The data we are using is Concrete Compressive Strength. It contains no null values, 8 continuous features, and the target is Concrete Compressive Strength. We will use it to compare a single decision tree with a random forest. We can expect the random forest to have more predictive accuracy than the single decision tree.

In [28]:
concrete = pd.read_excel('data/Concrete_Data.xls')
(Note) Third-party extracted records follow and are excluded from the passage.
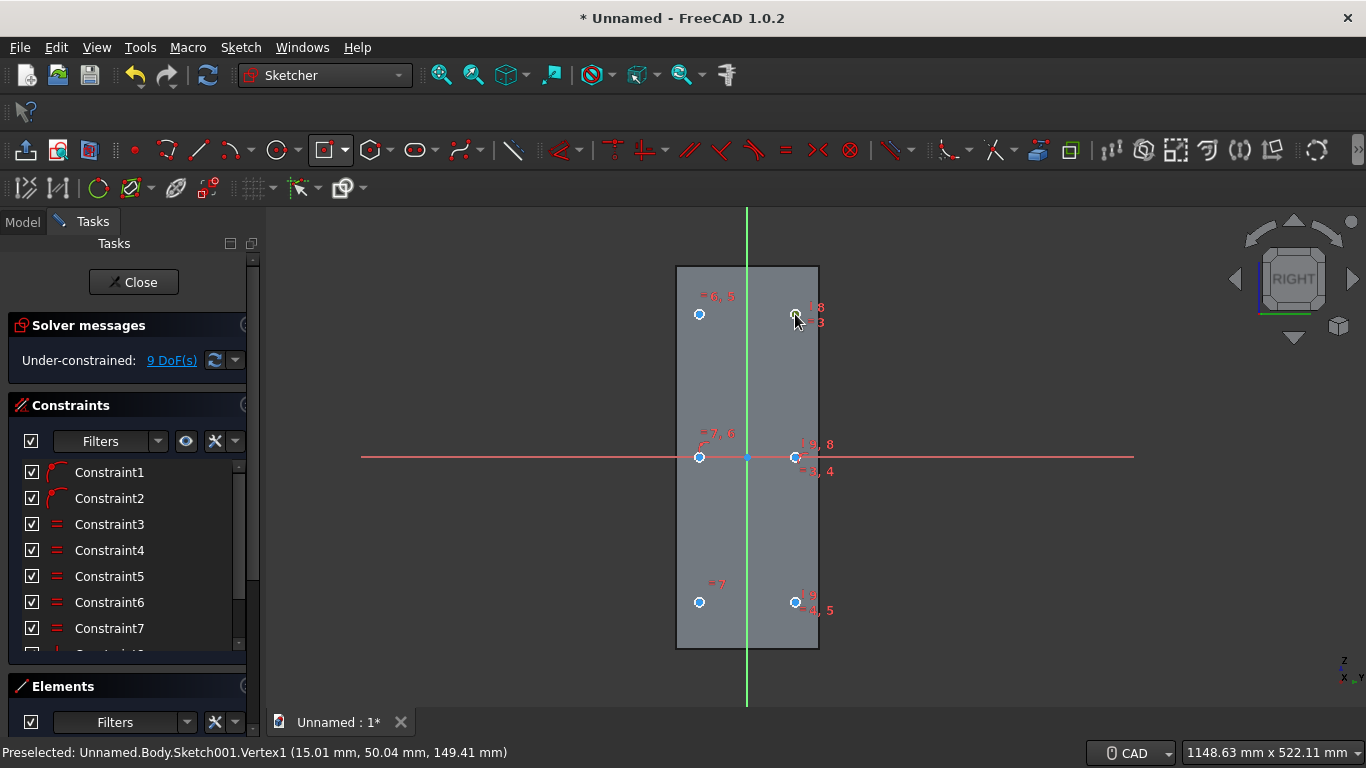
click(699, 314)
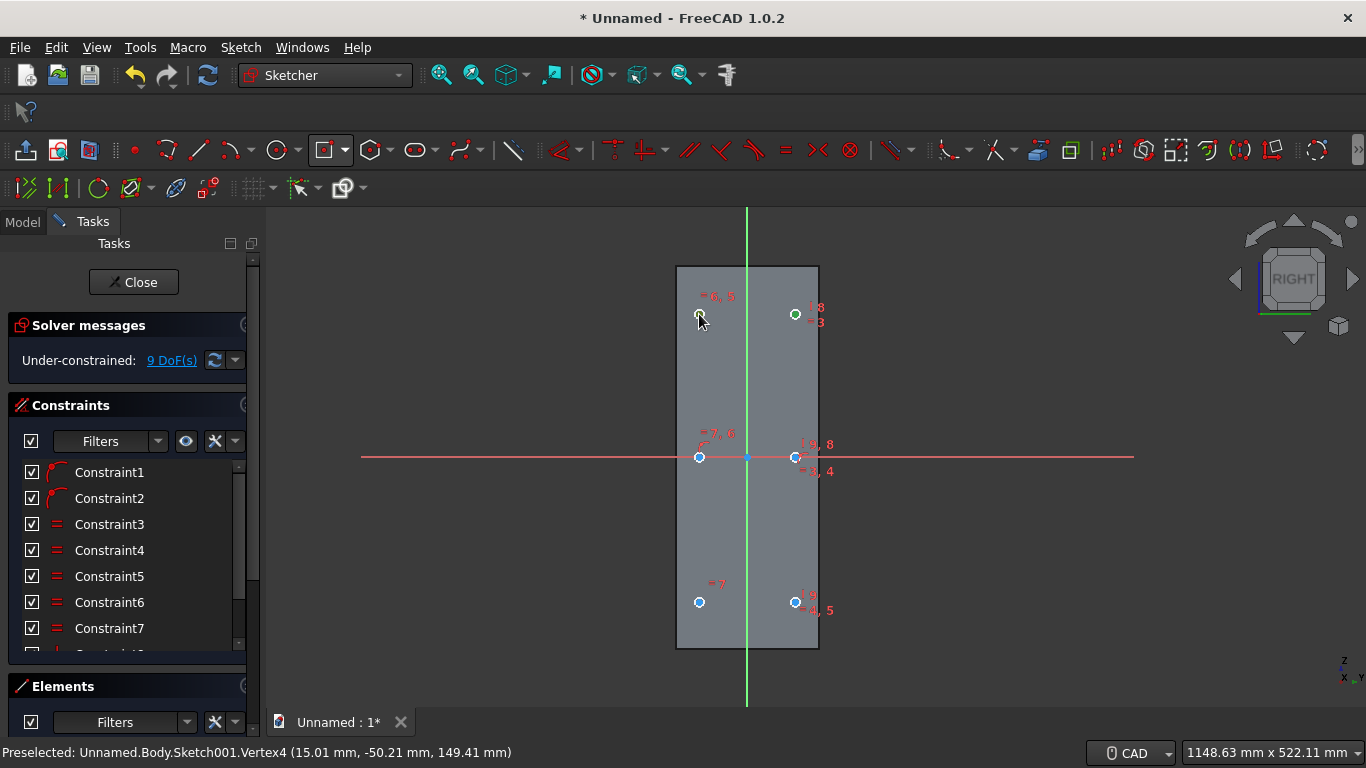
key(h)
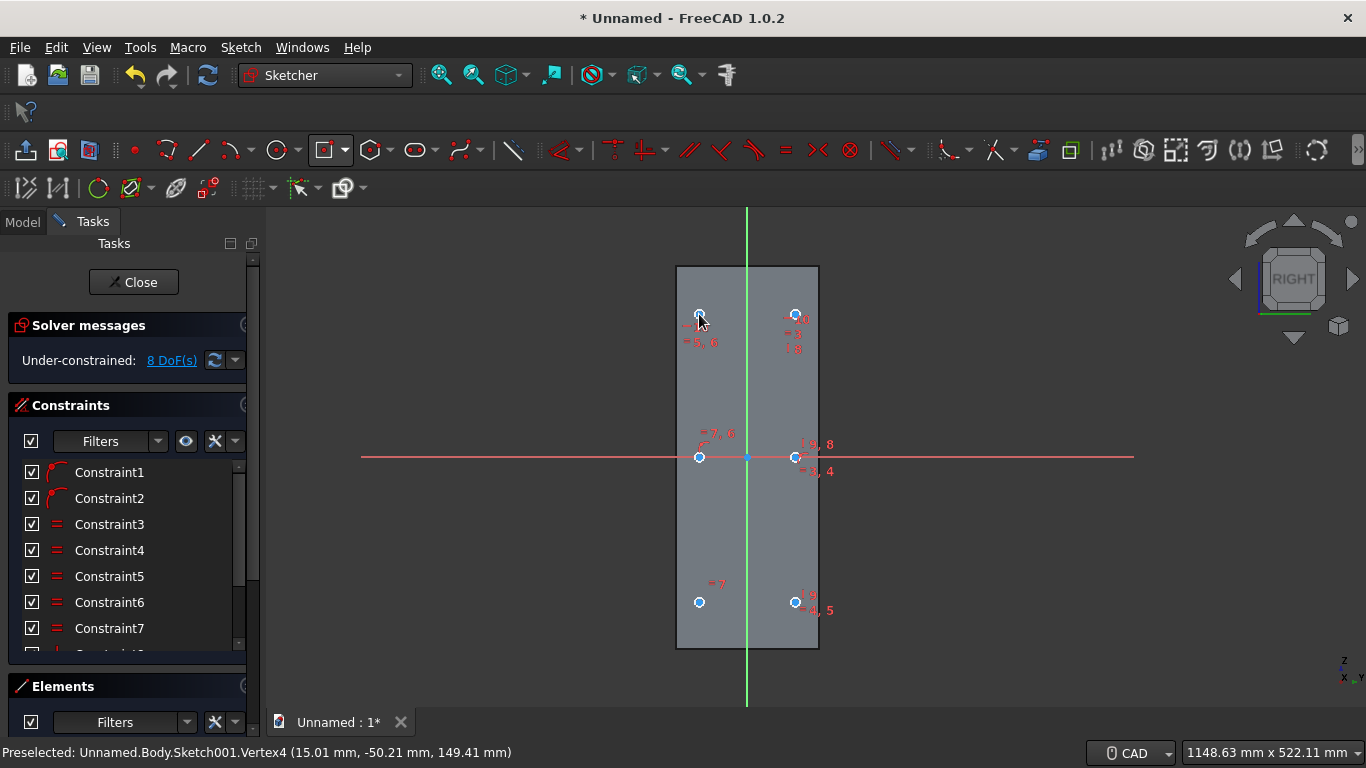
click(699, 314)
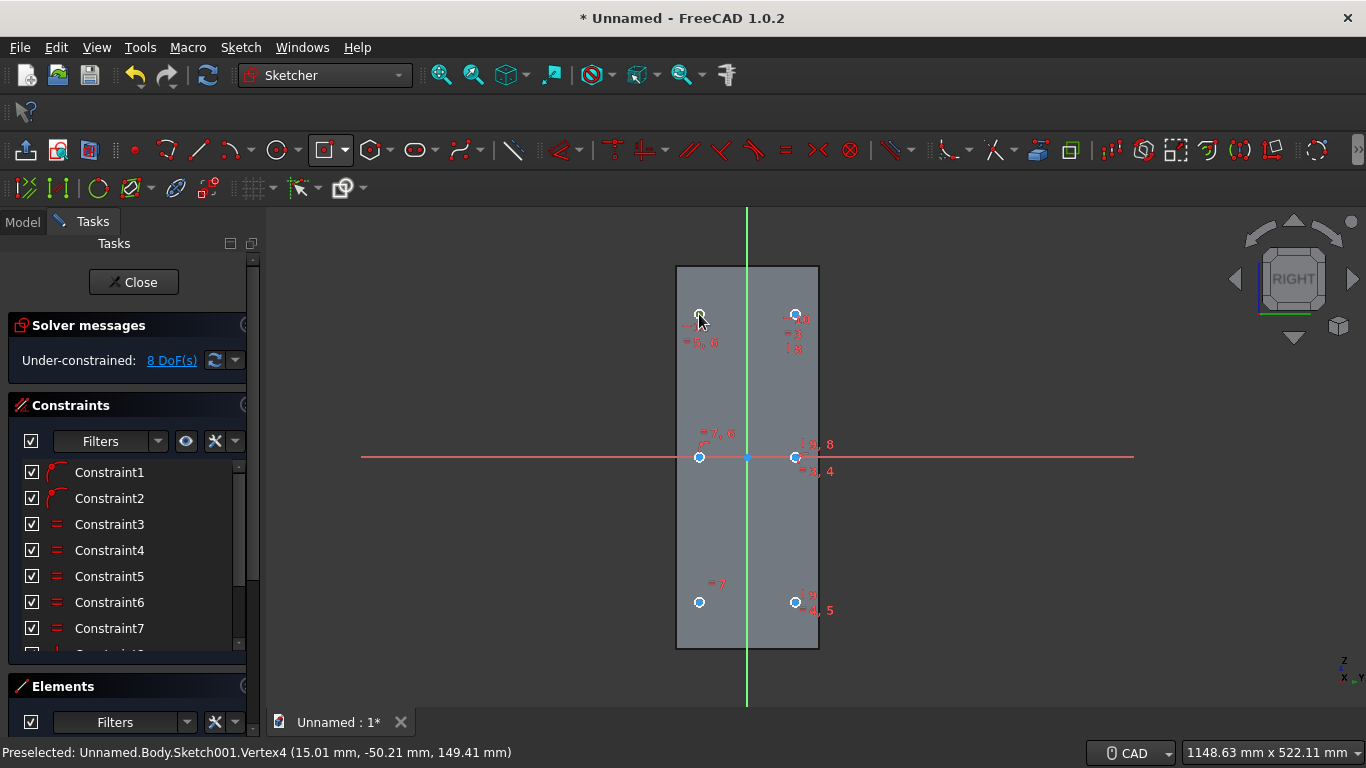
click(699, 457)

new_col_names = {'Cement (component 1)(kg in a m^3 mixture)' : 'comp1',
       'Blast Furnace Slag (component 2)(kg in a m^3 mixture)' : 'comp2',
       'Fly Ash (component 3)(kg in a m^3 mixture)' : 'comp3',
       'Water  (component 4)(kg in a m^3 mixture)' : 'comp4',
       'Superplasticizer (component 5)(kg in a m^3 mixture)' : 'comp5',
       'Coarse Aggregate  (component 6)(kg in a m^3 mixture)' : 'comp6',
       'Fine Aggregate (component 7)(kg in a m^3 mixture)' : 'comp7', 
       'Age (day)' : 'age',
       'Concrete compressive strength(MPa, megapascals) ' : 'compressive_strength'}

concrete = concrete.rename(columns=new_col_names)
concrete.describe().T

Unnamed: 0,count,mean,std,min,25%,50%,75%,max
comp1,1030.0,281.165631,104.507142,102.0,192.375,272.9,350.0,540.0
comp2,1030.0,73.895485,86.279104,0.0,0.0,22.0,142.95,359.4
comp3,1030.0,54.187136,63.996469,0.0,0.0,0.0,118.27,200.1
comp4,1030.0,181.566359,21.355567,121.75,164.9,185.0,192.0,247.0
comp5,1030.0,6.203112,5.973492,0.0,0.0,6.35,10.16,32.2
comp6,1030.0,972.918592,77.753818,801.0,932.0,968.0,1029.4,1145.0
comp7,1030.0,773.578883,80.175427,594.0,730.95,779.51,824.0,992.6
age,1030.0,45.662136,63.169912,1.0,7.0,28.0,56.0,365.0
compressive_strength,1030.0,35.817836,16.705679,2.331808,23.707115,34.442774,46.136287,82.599225


In [30]:
X = concrete.copy()
y = X.pop("compressive_strength")

X_train, X_test, y_train, y_test = train_test_split(X, y, train_size=0.8, shuffle=True, random_state=10)

#### Decision Tree

Lets implement an out-of-the-box instance of the `DecisionTreeRegressor` from `scikit-learn` first. We can see that this model found that the four most important features were comp1, age, comp2, and comp4. The impurity-based feature importance is calculated by the normalized total reduction of the criterion contributed by the feature.

In [36]:
tree_steps = [('scaler', StandardScaler()), ('tree', DecisionTreeRegressor())]
tree_pipe = Pipeline(tree_steps)
tree_pipe.fit(X_train, y_train)

tree_importance = [round(i, 4) for i in list(tree_pipe[1].feature_importances_)]
list(zip(X.columns, tree_importance))

[('comp1', 0.3685),
 ('comp2', 0.1092),
 ('comp3', 0.0085),
 ('comp4', 0.1061),
 ('comp5', 0.0386),
 ('comp6', 0.0278),
 ('comp7', 0.0319),
 ('age', 0.3094)]

#### Random Forest

Now lets implement an out-of-the-box instance of the `RandomForestRegressor`. Looking at the four most important features, we have age, comp1, comp4, and comp5. The difference in these features between the two models is expected becasue of how random forests train many trees and the decorrelating of the trees.

In [39]:
forest_steps = [('scaler', StandardScaler()), ('forest', RandomForestRegressor())]
forest_pipe = Pipeline(forest_steps)
forest_pipe.fit(X_train, y_train)

forest_importance = [round(i, 4) for i in list(forest_pipe[1].feature_importances_)]
list(zip(X.columns, forest_importance))

[('comp1', 0.3195),
 ('comp2', 0.0729),
 ('comp3', 0.0217),
 ('comp4', 0.106),
 ('comp5', 0.0784),
 ('comp6', 0.0259),
 ('comp7', 0.0401),
 ('age', 0.3355)]

In [17]:
tree_pipe.score(X_test, y_test)

0.892977019704554

In [18]:
forest_pipe.score(X_test, y_test)

0.9199698899877466

As expected, the random forest scored better than the single decision tree, having a higher $R^2$ value.